PHOTOGRAPH BY RICHARD AVEDON, COPYRIGHT © THE RICHARD AVEDON FOUNDATION

Have you ever stopped to think about Cher? You are aware of her, of course, the way you are aware of the sun, with its blinding light, its rising and setting. But have you ever considered the totality of Cher—not just the celestial body herself, and not just the epic arc she has traveled, but the sheer range of stellar explosions she has undergone?

Let’s review. She became famous as half of Sonny and Cher in 1965, at the age of 19. They sold millions of records, morphed into a lounge act, then drew more than 30 million viewers a week on their hit show, The Sonny & Cher Comedy Hour. Cher launched a solo career on the side, releasing three number-one singles: “Gypsys, Tramps & Thieves,” “Half Breed,” and “Dark Lady.” After divorcing Sonny in 1975, she starred in her own damn TV show, thank you very much, which was called—what else?—Cher.

Photo of CHER
GETTY IMAGESGAB ARCHIVE

Many more Chers followed. There was Disco Cher, Roller-Skating Cher, Punk Cher, and Rock ’n’ Roll Cher. There was also, in the ’80s, Best Actress Cher, who starred opposite Meryl Streep in Silkwood, Jack Nicholson in The Witches of Eastwick, and Nicolas Cage in Moonstruck. She rounded off the decade with one of her biggest hits yet, “If I Could Turn Back Time,” introducing the world to Battleship-Thong Cher. She has long been regarded as a fashion icon. Cher was the first megastar to wear a “naked dress,” and she did so in the ’70s, four decades before Rihanna, J-Lo, and Kim Kardashian.

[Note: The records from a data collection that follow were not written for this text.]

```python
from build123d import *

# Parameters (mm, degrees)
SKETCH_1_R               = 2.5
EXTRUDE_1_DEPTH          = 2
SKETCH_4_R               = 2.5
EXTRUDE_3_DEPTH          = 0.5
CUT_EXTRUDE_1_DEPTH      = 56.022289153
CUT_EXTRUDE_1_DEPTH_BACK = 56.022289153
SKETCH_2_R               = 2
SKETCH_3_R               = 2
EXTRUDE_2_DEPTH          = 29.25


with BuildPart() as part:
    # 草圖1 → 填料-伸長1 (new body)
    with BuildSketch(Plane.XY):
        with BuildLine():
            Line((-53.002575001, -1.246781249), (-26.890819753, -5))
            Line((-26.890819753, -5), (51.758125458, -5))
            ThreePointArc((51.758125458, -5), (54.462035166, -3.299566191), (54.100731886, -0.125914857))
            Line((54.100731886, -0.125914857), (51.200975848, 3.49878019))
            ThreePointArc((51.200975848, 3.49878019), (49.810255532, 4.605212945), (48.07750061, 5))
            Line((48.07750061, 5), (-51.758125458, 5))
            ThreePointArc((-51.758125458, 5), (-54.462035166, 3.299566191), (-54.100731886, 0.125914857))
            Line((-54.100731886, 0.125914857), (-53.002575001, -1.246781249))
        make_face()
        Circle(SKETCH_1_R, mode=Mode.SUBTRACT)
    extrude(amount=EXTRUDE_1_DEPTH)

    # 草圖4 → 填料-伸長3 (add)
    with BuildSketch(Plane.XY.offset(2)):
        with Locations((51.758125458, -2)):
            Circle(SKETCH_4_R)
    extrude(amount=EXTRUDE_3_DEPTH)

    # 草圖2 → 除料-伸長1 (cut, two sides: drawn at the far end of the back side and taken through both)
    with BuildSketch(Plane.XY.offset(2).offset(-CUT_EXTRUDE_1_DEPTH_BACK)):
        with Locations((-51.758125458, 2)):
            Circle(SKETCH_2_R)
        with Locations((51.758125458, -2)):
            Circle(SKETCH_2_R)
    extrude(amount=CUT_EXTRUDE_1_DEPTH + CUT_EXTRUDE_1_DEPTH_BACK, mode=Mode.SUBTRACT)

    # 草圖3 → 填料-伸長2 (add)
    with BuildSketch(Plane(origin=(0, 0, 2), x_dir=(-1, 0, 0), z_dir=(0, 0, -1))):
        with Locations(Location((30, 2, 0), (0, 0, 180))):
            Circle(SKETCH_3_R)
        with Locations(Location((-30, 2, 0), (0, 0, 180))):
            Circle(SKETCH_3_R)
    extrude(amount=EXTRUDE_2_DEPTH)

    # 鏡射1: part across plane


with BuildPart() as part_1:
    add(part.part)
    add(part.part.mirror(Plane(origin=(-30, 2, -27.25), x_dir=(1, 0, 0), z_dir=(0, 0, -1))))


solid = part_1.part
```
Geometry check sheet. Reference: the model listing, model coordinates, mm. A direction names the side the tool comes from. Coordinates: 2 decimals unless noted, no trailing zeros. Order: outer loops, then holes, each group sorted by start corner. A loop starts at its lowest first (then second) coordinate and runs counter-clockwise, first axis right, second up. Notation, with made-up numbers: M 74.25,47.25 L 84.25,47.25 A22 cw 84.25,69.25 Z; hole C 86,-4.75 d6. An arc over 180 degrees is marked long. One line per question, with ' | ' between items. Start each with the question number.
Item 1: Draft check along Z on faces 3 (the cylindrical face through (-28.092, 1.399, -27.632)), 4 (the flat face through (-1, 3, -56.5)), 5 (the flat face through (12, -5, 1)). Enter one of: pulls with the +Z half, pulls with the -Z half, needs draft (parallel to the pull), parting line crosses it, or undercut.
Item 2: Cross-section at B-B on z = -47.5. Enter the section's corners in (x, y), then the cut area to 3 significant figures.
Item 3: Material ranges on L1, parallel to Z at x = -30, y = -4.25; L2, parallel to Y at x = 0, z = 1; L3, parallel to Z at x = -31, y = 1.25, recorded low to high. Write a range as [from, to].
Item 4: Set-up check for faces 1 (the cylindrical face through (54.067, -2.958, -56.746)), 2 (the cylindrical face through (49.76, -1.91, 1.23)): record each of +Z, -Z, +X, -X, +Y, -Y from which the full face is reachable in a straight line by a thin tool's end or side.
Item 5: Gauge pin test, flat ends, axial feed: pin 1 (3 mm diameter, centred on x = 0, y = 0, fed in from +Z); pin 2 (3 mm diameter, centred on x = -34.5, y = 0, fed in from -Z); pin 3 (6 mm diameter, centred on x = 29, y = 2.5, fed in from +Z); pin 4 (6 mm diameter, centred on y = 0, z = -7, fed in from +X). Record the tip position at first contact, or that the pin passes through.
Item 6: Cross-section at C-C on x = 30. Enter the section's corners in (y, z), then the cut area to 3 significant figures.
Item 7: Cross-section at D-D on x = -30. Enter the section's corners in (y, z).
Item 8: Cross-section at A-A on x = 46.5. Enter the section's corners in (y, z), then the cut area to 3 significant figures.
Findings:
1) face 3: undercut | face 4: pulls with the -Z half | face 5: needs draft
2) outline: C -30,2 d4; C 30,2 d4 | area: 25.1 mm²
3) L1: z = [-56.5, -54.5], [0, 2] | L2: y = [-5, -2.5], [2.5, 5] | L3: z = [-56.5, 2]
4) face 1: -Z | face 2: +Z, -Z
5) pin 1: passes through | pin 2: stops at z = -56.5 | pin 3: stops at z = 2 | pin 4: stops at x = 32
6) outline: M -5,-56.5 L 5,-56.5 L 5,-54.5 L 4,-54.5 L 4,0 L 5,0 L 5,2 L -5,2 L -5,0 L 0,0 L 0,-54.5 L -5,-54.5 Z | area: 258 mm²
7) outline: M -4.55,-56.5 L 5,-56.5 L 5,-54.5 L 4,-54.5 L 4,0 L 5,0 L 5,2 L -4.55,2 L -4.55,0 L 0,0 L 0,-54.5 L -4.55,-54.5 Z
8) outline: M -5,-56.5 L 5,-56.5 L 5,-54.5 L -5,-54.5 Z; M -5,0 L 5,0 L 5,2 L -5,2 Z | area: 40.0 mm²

The Metropolitan Museum of Art's Costume Insitute Gala Exhibition 'Romantic and Glamorous Hollywood Design'
Cher at the Met Gala in 1974 wearing a Bob Mackie creation.

GETTY IMAGESRON GALELLA

In fact, we are currently in the early stages of a new version of Cher. Did you notice how July’s Mamma Mia! Here We Go Again cameo segued into September’s surprise ABBA tribute album? Those amuse-bouches will soon culminate in The Cher Show, a jukebox musical set to open on Broadway this month.

It is only when I set foot in her presidential suite at the Sunset Marquis one balmy night in September, and begin climbing a grand spiral staircase, that it hits me: Wait, Cher is also an actual human?

TO BE SO VULNERABLE AND YET HAVE THE MOST POWER IN THE ROOM, THAT’S A REALLY HARD PLACE TO STAND IN. SHE WAS BORN WITH THAT.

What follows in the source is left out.